Ottilie remained so long in her beautiful state, which more resembled sleep than death, that a number of persons were attracted there to look at her. The neighbors and the villagers wished to see her again, and every one desired to hear Nanny's incredible story from her own mouth. Many laughed at it, most doubted, and some few were found who were able to believe.

Difficulties, for which no real satisfaction is attainable, compel us to faith. Before the eyes of all the world, Nanny's limbs had been broken, and by touching the sacred body she had been restored to strength again. Why should not others find similar good fortune? Delicate mothers first privately brought their children who were suffering from obstinate disorders, and they believed that they could trace an immediate improvement. The confidence of the people increased, and at last there was no one so old or so weak as not to have come to seek fresh life and health and strength at this place. The concourse became so great, that they were obliged, except at the hours of divine service, to keep the church and chapel closed.

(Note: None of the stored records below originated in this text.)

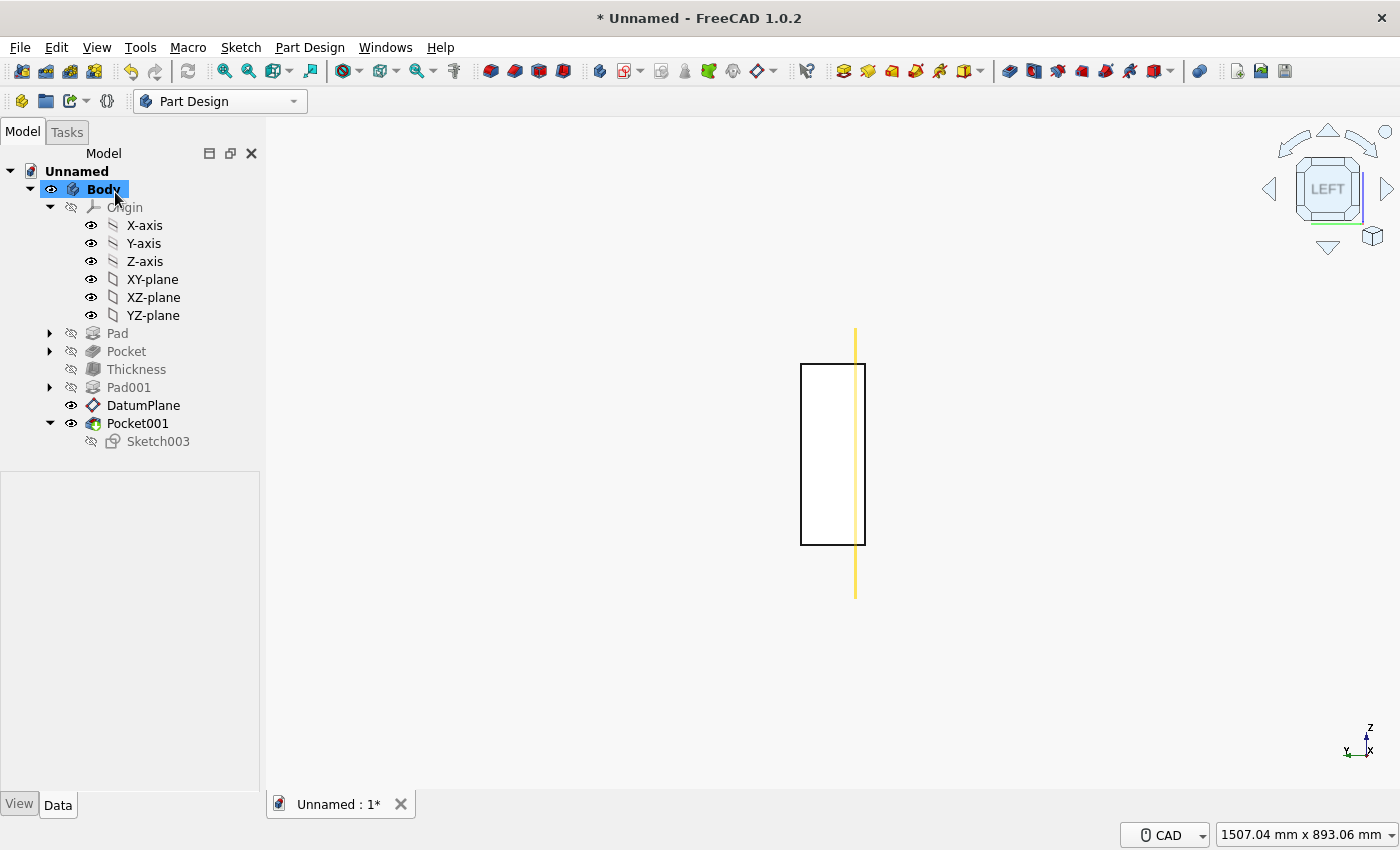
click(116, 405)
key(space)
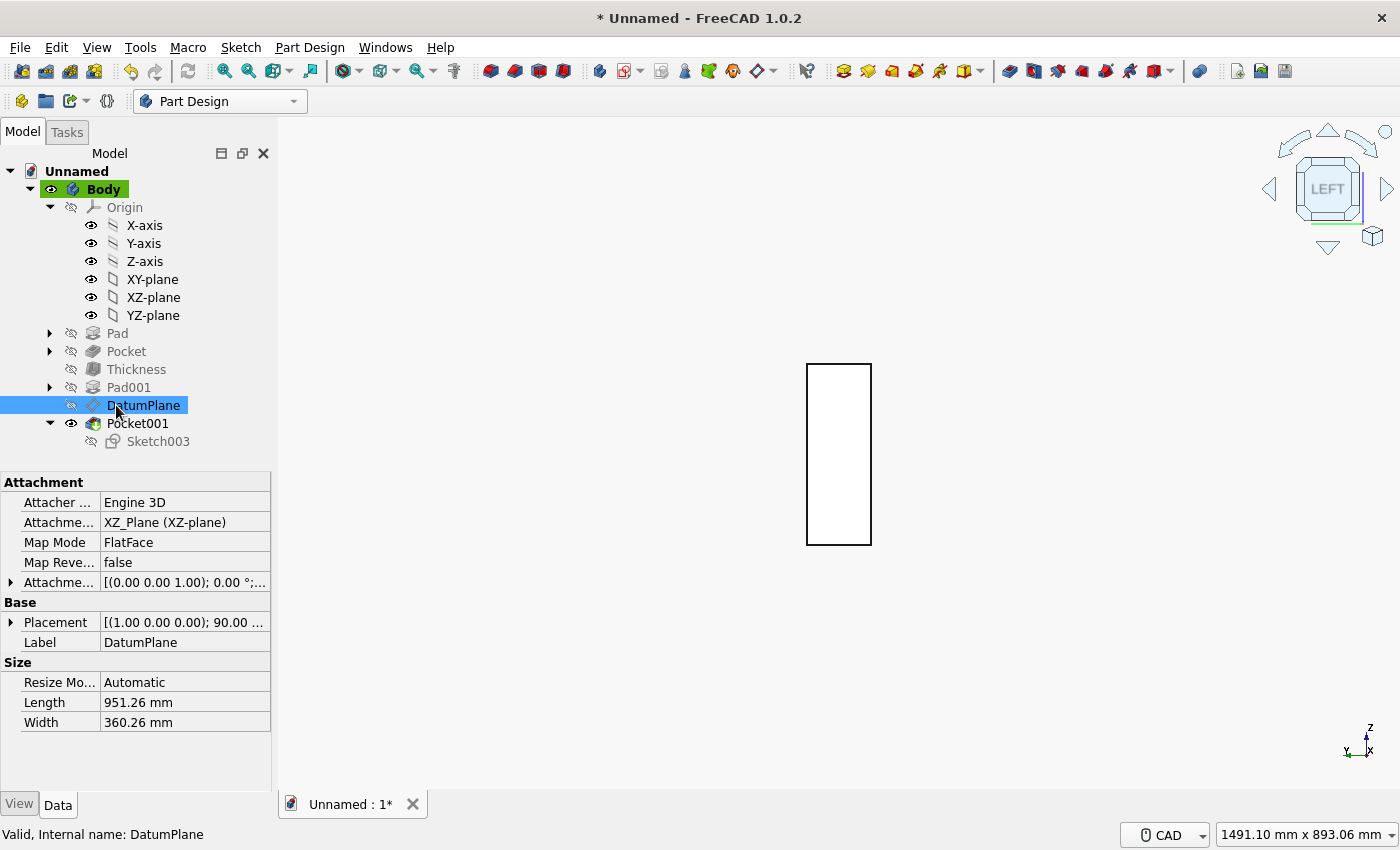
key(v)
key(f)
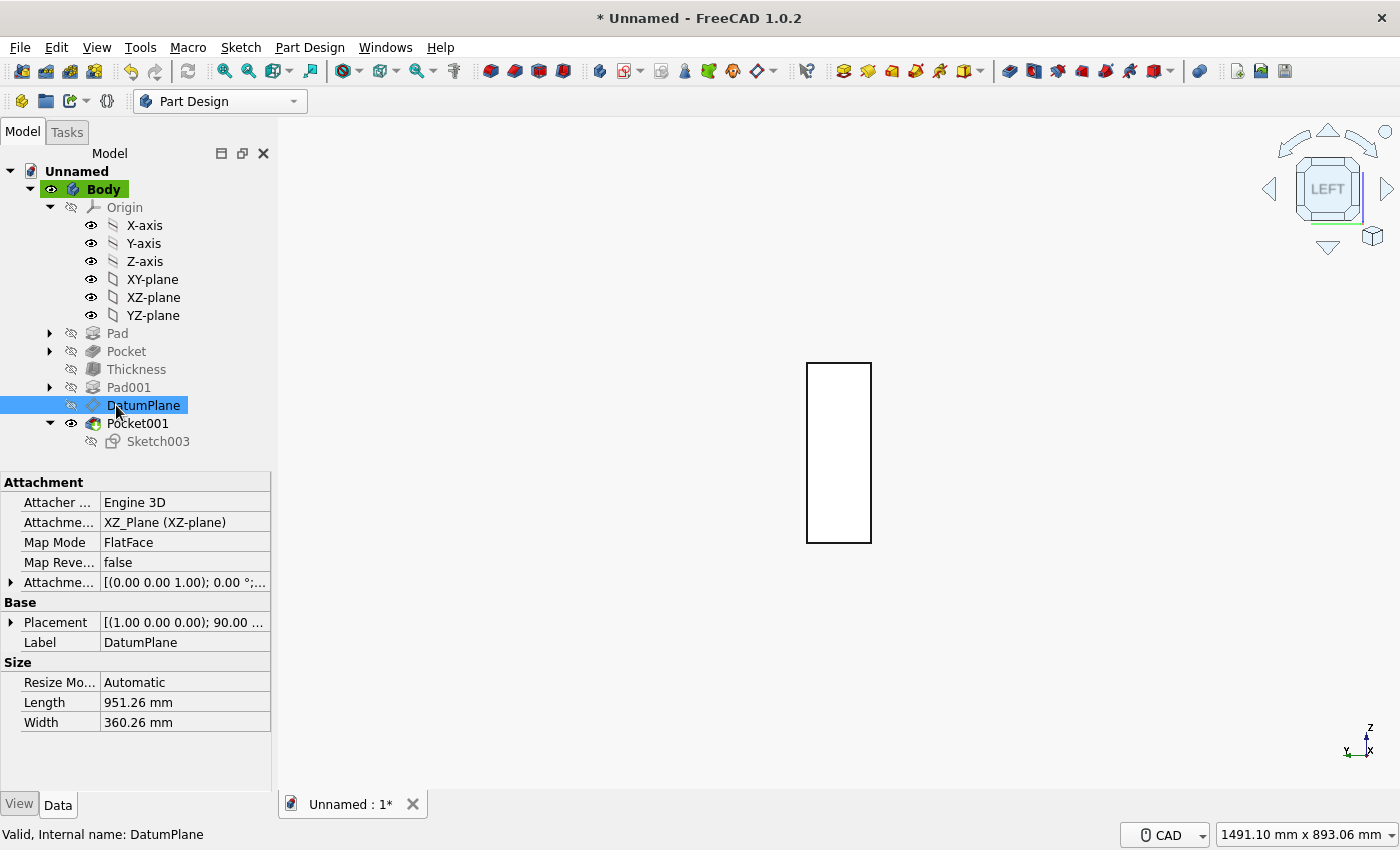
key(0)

Edward did not venture to look at her again; he lived on mechanically; he seemed to have no tears left, and to be incapable of any further suffering; his power of taking interest in what was going on diminished every day; his appetite gradually failed. The only refreshment which did him any good was what he drank out of the glass, which to him, indeed, had been but an untrue prophet. He continued to gaze at the intertwining initials, and the earnest cheerfulness of his expression seemed to signify that he still hoped to be united with her at last. And as every little circumstance combines to favor the fortunate, and every accident contributes to elate him; so do the most trifling occurrences love to unite to crush and overwhelm the unhappy. One day, as Edward raised the beloved glass to his lips, he put it down and thrust it from him with a shudder. It was the same and not the same. He missed a little private mark upon it. The valet was questioned, and had to confess that the real glass had not long since been broken, and that one like it belonging to the same set had been substituted in its place.

Edward could not be angry. His destiny had spoken out with sufficient clearness in the fact, and how should he be affected by the shadow? and yet it touched him deeply. He seemed now to dislike drinking, and thenceforward purposely to abstain from food and from speaking.

But from time to time a sort of restlessness came over him; he would desire to eat and drink something, and would begin again to speak. "Ah!" he said, one day to the Major, who now seldom left his side, "how unhappy I am that all my efforts are but imitations ever, and false and fruitless. What was blessedness to her, is pain to me; and yet for the sake of this blessedness I am forced to take this pain upon myself. I must go after her; follow her by the same road. But my nature and my promise hold me back. It is a terrible difficulty, indeed, to imitate the inimitable. I feel clearly, my dear friend, that genius is required for everything; for martyrdom as well as the rest."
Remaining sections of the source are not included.